Pareceres/Diversos

Tribunal Central Administrativo Sul - Contencioso Administrativo
Contencioso:Administrativo
Data:02/11/2003
Processo:05396/01
Nº Processo/TAF:00000/00/0
Sub-Secção:1ª. Subsecção
Magistrado:Clara Rodrigues
Descritores:DESPACHO CONJUNTO
RECURSO HIERÁRQUICO DIRIGIDO APENAS AO MINISTRO DE TUTELA
INDEFERIMENTO TÁCITO
ABERTURA DE VIA CONTENCIOSA
NOVO REGIME DE CARREIRAS FUNÇÃO PÚBLICA
Disponível na JTCA:NÃO
Texto Integral:I – A recorrente interpôs recurso contencioso de anulação do acto de indeferimento tácito do Sr. Ministro dos Negócios Estrangeiros, que recaíu sobre o seu recurso hierárquico, interposto do também indeferimento tácito do requerimento que dirigiu ao Sr. Director Geral dos Assuntos Comunitários, pedindo a revisão do seu posicionamento indiciário.

A recorrente nas suas alegações imputa ao acto recorrido, em conclusão, o vício de violação do princípio da igualdade na vertente de trabalho igual salário igual, dos arts. 13º e 59º nº 1 al. a) da CRP, por erro de interpretação e aplicação do art. 3º do Dec. Lei nº 61/92 de 15/04, bem como ao permitir que pela aplicação do Dec. Lei nº 404-A/98 de 18/12 fique a auferir remuneração inferior a outros com menor antiguidade na categoria e ainda os princípios da equidade que preside ao art. 14º do Dec. Lei nº 184/89 de 02/06.

O recorrido, além de argumentar com a não procedência de qualquer dos mencionados vícios, no ponto 27º das suas alegações, invoca, como questão prévia, a falta de objecto do presente recurso por incompetência do recorrido para decidir, dado o nº 5 do art. 21º do Dec. Lei 404-A/98 de 18/12 prever a resolução dos recursos apresentados com fundamento na inversão de posições relativas, por despacho conjunto dos Ministros da Tutela, das Finanças e do membro responsável pela Administração Pública, dessa incompetência decorrendo não existir por parte da entidade recorrida o dever de decidir por isso não se tendo formado o invocado indeferimento tácito.

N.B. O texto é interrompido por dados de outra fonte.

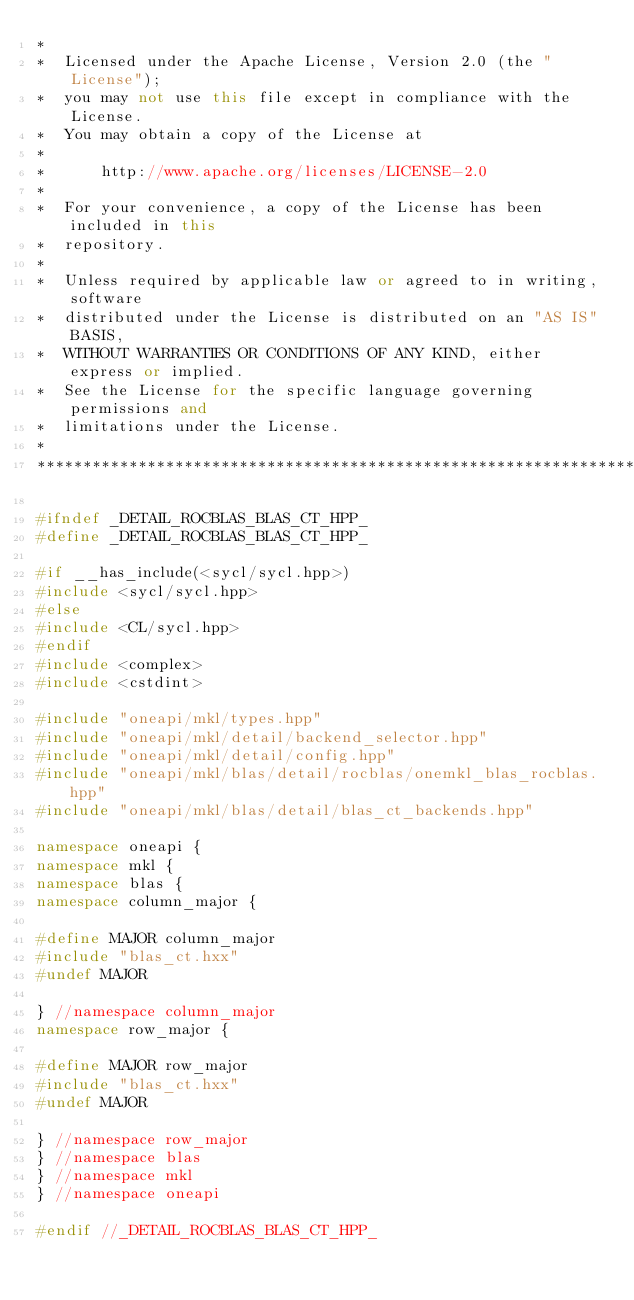Convert code to text. <code><loc_0><loc_0><loc_500><loc_500><_C++_>*
*  Licensed under the Apache License, Version 2.0 (the "License");
*  you may not use this file except in compliance with the License.
*  You may obtain a copy of the License at
*
*      http://www.apache.org/licenses/LICENSE-2.0
*
*  For your convenience, a copy of the License has been included in this
*  repository.
*
*  Unless required by applicable law or agreed to in writing, software
*  distributed under the License is distributed on an "AS IS" BASIS,
*  WITHOUT WARRANTIES OR CONDITIONS OF ANY KIND, either express or implied.
*  See the License for the specific language governing permissions and
*  limitations under the License.
*
**************************************************************************/

#ifndef _DETAIL_ROCBLAS_BLAS_CT_HPP_
#define _DETAIL_ROCBLAS_BLAS_CT_HPP_

#if __has_include(<sycl/sycl.hpp>)
#include <sycl/sycl.hpp>
#else
#include <CL/sycl.hpp>
#endif
#include <complex>
#include <cstdint>

#include "oneapi/mkl/types.hpp"
#include "oneapi/mkl/detail/backend_selector.hpp"
#include "oneapi/mkl/detail/config.hpp"
#include "oneapi/mkl/blas/detail/rocblas/onemkl_blas_rocblas.hpp"
#include "oneapi/mkl/blas/detail/blas_ct_backends.hpp"

namespace oneapi {
namespace mkl {
namespace blas {
namespace column_major {

#define MAJOR column_major
#include "blas_ct.hxx"
#undef MAJOR

} //namespace column_major
namespace row_major {

#define MAJOR row_major
#include "blas_ct.hxx"
#undef MAJOR

} //namespace row_major
} //namespace blas
} //namespace mkl
} //namespace oneapi

#endif //_DETAIL_ROCBLAS_BLAS_CT_HPP_
</code> 
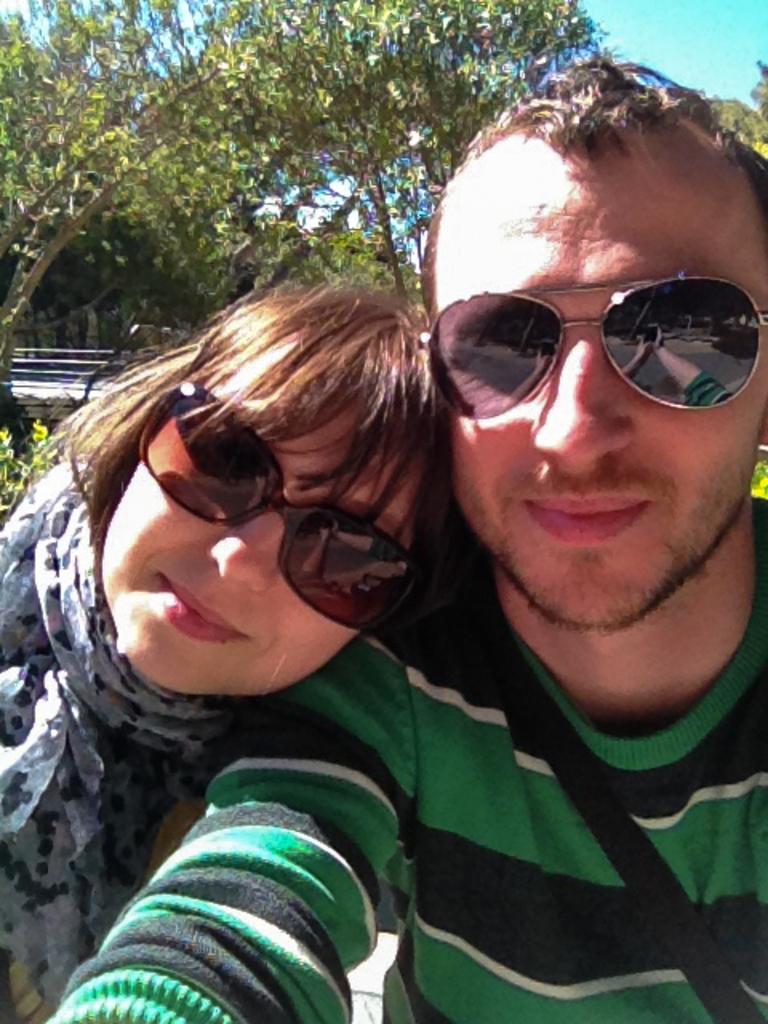Please provide a concise description of this image. In the foreground of this picture we can see the two persons wearing goggles. In the background we can see the sky, trees and some other objects. 
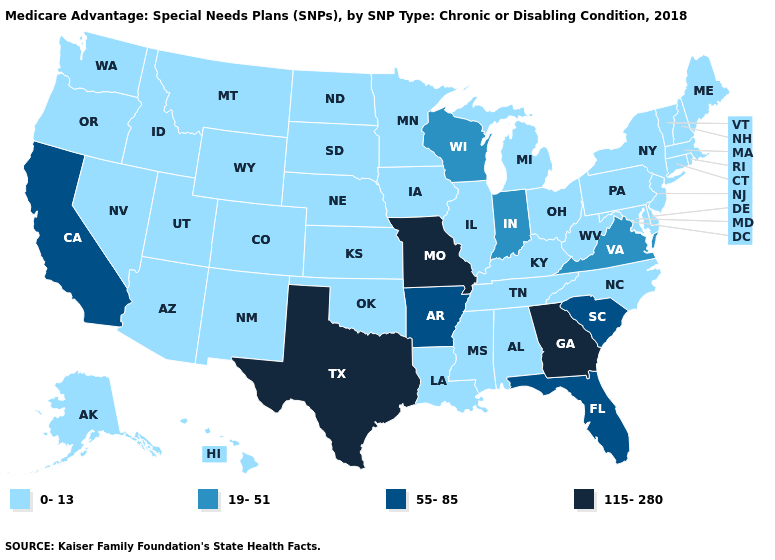Which states hav the highest value in the Northeast?
Write a very short answer. Connecticut, Massachusetts, Maine, New Hampshire, New Jersey, New York, Pennsylvania, Rhode Island, Vermont. What is the lowest value in states that border Ohio?
Short answer required. 0-13. Which states have the highest value in the USA?
Keep it brief. Georgia, Missouri, Texas. Does New Jersey have the same value as Louisiana?
Answer briefly. Yes. What is the lowest value in the USA?
Answer briefly. 0-13. Which states have the highest value in the USA?
Give a very brief answer. Georgia, Missouri, Texas. What is the value of New Hampshire?
Give a very brief answer. 0-13. Which states hav the highest value in the Northeast?
Quick response, please. Connecticut, Massachusetts, Maine, New Hampshire, New Jersey, New York, Pennsylvania, Rhode Island, Vermont. Does Michigan have the highest value in the MidWest?
Short answer required. No. What is the value of Louisiana?
Write a very short answer. 0-13. What is the highest value in the MidWest ?
Write a very short answer. 115-280. Name the states that have a value in the range 0-13?
Keep it brief. Alaska, Alabama, Arizona, Colorado, Connecticut, Delaware, Hawaii, Iowa, Idaho, Illinois, Kansas, Kentucky, Louisiana, Massachusetts, Maryland, Maine, Michigan, Minnesota, Mississippi, Montana, North Carolina, North Dakota, Nebraska, New Hampshire, New Jersey, New Mexico, Nevada, New York, Ohio, Oklahoma, Oregon, Pennsylvania, Rhode Island, South Dakota, Tennessee, Utah, Vermont, Washington, West Virginia, Wyoming. Name the states that have a value in the range 19-51?
Keep it brief. Indiana, Virginia, Wisconsin. Which states have the highest value in the USA?
Quick response, please. Georgia, Missouri, Texas. Name the states that have a value in the range 55-85?
Be succinct. Arkansas, California, Florida, South Carolina.

Notificada a recorrente nos termos do art. 54º da LPTA, a mesma pronunciou - se no sentido da improcedência da excepção de ilegitimidade, invocando os argumentos do Acórdão do STA nº 1458/02, que juntou.

II – Quanto à invocada excepção de falta de objecto, entendemos assistir razão à recorrente.

O art. 21º nº 5 do Dec. Lei nº 404-A/98 de 18/12 prevê o recurso hierárquico resolúvel por despacho conjunto dos Ministros da Tutela, das Finanças e do membro responsável pela Administração Pública.
Na esteira da jurisprudência do STA « Nos casos de competência conjunta de vários órgãos da Administração, o deferimento das pretensões que a tal competência se refiram exige que a vontade dos órgãos concorra nesse sentido, enquanto que o indeferimento de uma delas se basta com a vontade de indeferir emanada de um daqueles órgãos.
....um recurso hierárquico resolúvel por despacho conjunto de três membros do Governo , em que se inclui o ministro da tutela, tal recurso mostra - se eficazmente formulado se for dirigido apenas àquele ministro.
Assim, o silêncio do ministro da tutela no fim do prazo a que alude o art. 109º nº 2 do CPA significa o indeferimento tácito da pretensão enunciada no recurso hierárquico, possibilitando - se a consequente abertura da via contenciosa » (Acs. STA nº 0584/02 de 16 - 10 - 02 e nº 40992 de 27 - 01 - 98).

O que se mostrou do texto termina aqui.